In her 1895 poem “Judge Softly” Mary Lathrap wrote, “Before you judge a man, walk a mile in his shoes.”
From her poem, the idiom “Walk a Mile in My Shoes,” became a phrase we often use to emphasize the practice of empathy. It does not take a long reflection to come to the conclusion that empathy is sorely lacking in today’s society. Lathrap’s words are still spoken, but there is an alarming deficit in the practice of their truths. When tragedy befalls our neighbors and friends we can often muster up an emotional response of sympathy. The sympathetic response might make me feel sorry for another’s misfortune while empathy requires a deeper emotional investment. We begin to try and understand the feelings of another as if they were our own.
My childhood and educational experiences were shaped in a diverse community in southwest Florida. For many years I had convinced myself the diverse reflection of my friendships, the schools I attended and the people I played sports with made my community immune to racism and cultural bias. These diverse friendships were also the justification I gave myself to suggest I was free of any racial bias or prejudices.
Those beliefs came crumbling down a few years ago after a lengthy conversation with a childhood friend who, respecting his anonymity, I will call Jason. Like old friends, we discussed various childhood memories and the close football games we almost won and the times we had driven back and forth to night school so we could both graduate on time. During the course of the conversation, the issue of race came up and I asked Jason what his perspective was. Jason soon reminded me of some of the experiences we shared over the years and some of the reasons why he never felt comfortable spending the night at my house.

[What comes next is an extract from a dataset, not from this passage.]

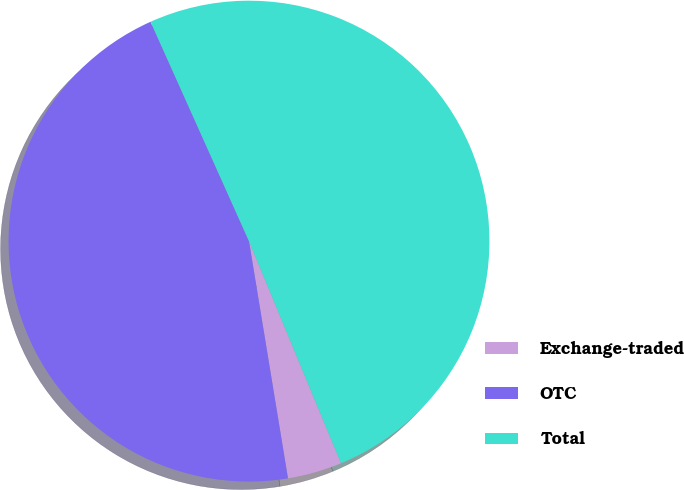Convert chart to OTSL. <chart><loc_0><loc_0><loc_500><loc_500><pie_chart><fcel>Exchange-traded<fcel>OTC<fcel>Total<nl><fcel>3.66%<fcel>45.88%<fcel>50.46%<nl></chart>

It was then I realized that though Jason and I shared the same narrative, our experiences were quite different. In short order, he began to explain the reasons why he did not fish in the same neighborhood ponds that I fished in because he was fearful, why he never stayed in my neighborhood too late, and that his parents had conversations with him that mine never felt obligated to have with me. Though Jason and I grew up in the same town, participating in many of the same activities, his experiences were much different than my own.

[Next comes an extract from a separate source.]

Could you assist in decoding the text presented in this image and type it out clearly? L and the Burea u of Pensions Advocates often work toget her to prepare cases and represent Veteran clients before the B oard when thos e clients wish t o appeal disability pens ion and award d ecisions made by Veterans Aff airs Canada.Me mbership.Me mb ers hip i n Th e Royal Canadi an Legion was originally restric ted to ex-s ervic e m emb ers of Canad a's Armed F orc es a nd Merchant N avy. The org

In a similar fashion, the experiences of the nearly 17 percent of our population who live below the poverty line are vastly different than the nearly remaining 83 percent. They speak a different language, their insecurities are not shared, and the tangible fears they have for their families often go unheard.
That’s the thing about empathy that is so difficult in the current moment we find ourselves in. As community structures began to crumble, and partisan lines dug deeper, we forgot what it was like to listen to one another’s stories. There is reconciliation and healing that needs to occur on multiple levels. That process can not begin until we are prepared to relearn the practice of walking in one another’s shoes. We need to listen to one another’s experiences and seek to understand one another’s perspective.
In our current climate, we have failed to learn how to disagree with civility. Instead, we tend to align ourselves with our given tribes and this allegiance becomes more important than listening and seeking to understand other perspectives. The miles we walk toward a better future for our children, largely depends on which shoes we chose to wear. It’s past time to try another pair.